Frequent minimum definition of Northwestern Europe. In addition, Finland, Switzerland, and Austria are also frequently considered Northwestern Europe.
Northwestern Europe, or Northwest Europe, is a loosely defined subregion of Europe, overlapping Northern and Western Europe. The region can be defined both geographically and ethnographically.
Geographically, Northwestern Europe usually consists of the United Kingdom, the Republic of Ireland, Belgium, the Netherlands, Luxembourg, Northern France, Northern Germany, Denmark, Norway, Sweden, and Iceland. Finland, Southern Germany, Switzerland, and Austria are also often considered part of Northwestern Europe.  Southern France is not regarded as northwestern, as it is usually geographically and culturally considered part of the Mediterranean region or Southern Europe.
Germanic languages are widely spoken in most of Northwestern Europe, although other languages are also present, including Romance languages in Northern France, Wallonia, Luxembourg, and some parts of Switzerland; Celtic languages along the western fringes of the British Isles and in Brittany; and Uralic languages in parts of the Nordic countries. The region also has a strong history of Protestantism that differentiates it from its Mediterranean / Southern European / Latin and Eastern European / Slavic neighbours. The definition of Northwestern Europe as correlating with Protestant Germanic Europe mostly leads to same definition as the geographical one above, but would tend to exclude northern France, Wallonia (Southern Belgium), Southern Netherlands, much of southern Germany, Austria, and Ireland. This is because France and Wallonia, despite their historical Protestant Huguenot populations (currently, however, only 2% of the French population), are traditionally and demographically considered Catholic Romance language countries, while much of Southern Germany, much of the southern Netherlands, Belgium, Luxembourg, Austria, Liechtenstein, and Ireland, though largely containing Germanic language speakers, are historically Roman Catholic. Consequently, although this region has a strong history of Protestantism and a majority Protestant population, there are considerable Catholic populations, partially because of the majority Catholic populations indigenous to Southern Germany and Northern France.

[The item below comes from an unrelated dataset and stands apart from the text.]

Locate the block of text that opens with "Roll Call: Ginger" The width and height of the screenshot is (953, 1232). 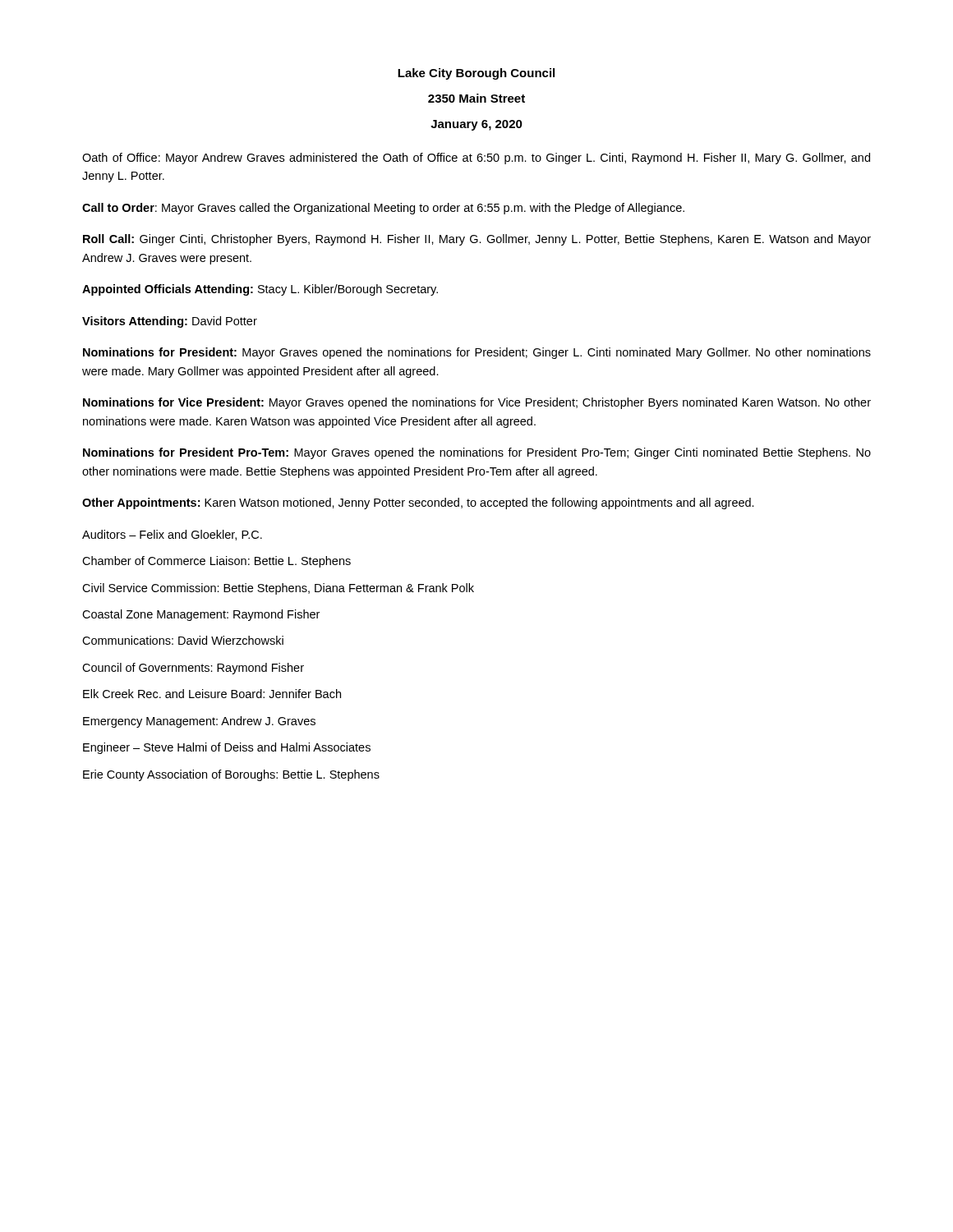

A definition of Northwestern Europe as an inclusive term for those European countries not falling within Southern Europe or Eastern Europe was used by some late 19th to mid 20th century anthropologists, eugenicists, and Nordicists, who used Northwestern Europe as a shorthand term for the region of Europe in which members of the Nordic race were concentrated, in contrast to the Eastern and Southern regions of Europe that contained Mediterranean peoples, Slavs, and other non-Nordic peoples. Under this racialist view, all of the Germanic countries and areas such as northern France, which historically contains large numbers of people of Gaulish, Norman, and Germanic Frankish descent, would be included as Northwestern Europe, due in part to the predominance of phenotypically Nordic people within these areas.
World War II Theatre
In military history, especially in Commonwealth countries, the battle honour North-West Europe has been used to refer to the two land campaigns in that approximate area during World War II. Two separate battle honours were awarded to regiments who took part in these campaigns. The North-West Europe Campaign of 1940, during the Battle of France, was restricted to Belgium and the French Channel ports. The North-West Europe Campaign of 1944–1945 started with the landings in Normandy and ended with Field Marshal Montgomery taking the German military surrender of all German forces in the Netherlands, north-west Germany and Denmark on Lüneburg Heath in north-west Germany. It was fought by the British 21st Army Group. In the First campaign the French Army was responsible for the rest of the Western Front from Luxembourg to Switzerland, as were the American 12th Army and 6th Army Groups during the second campaign.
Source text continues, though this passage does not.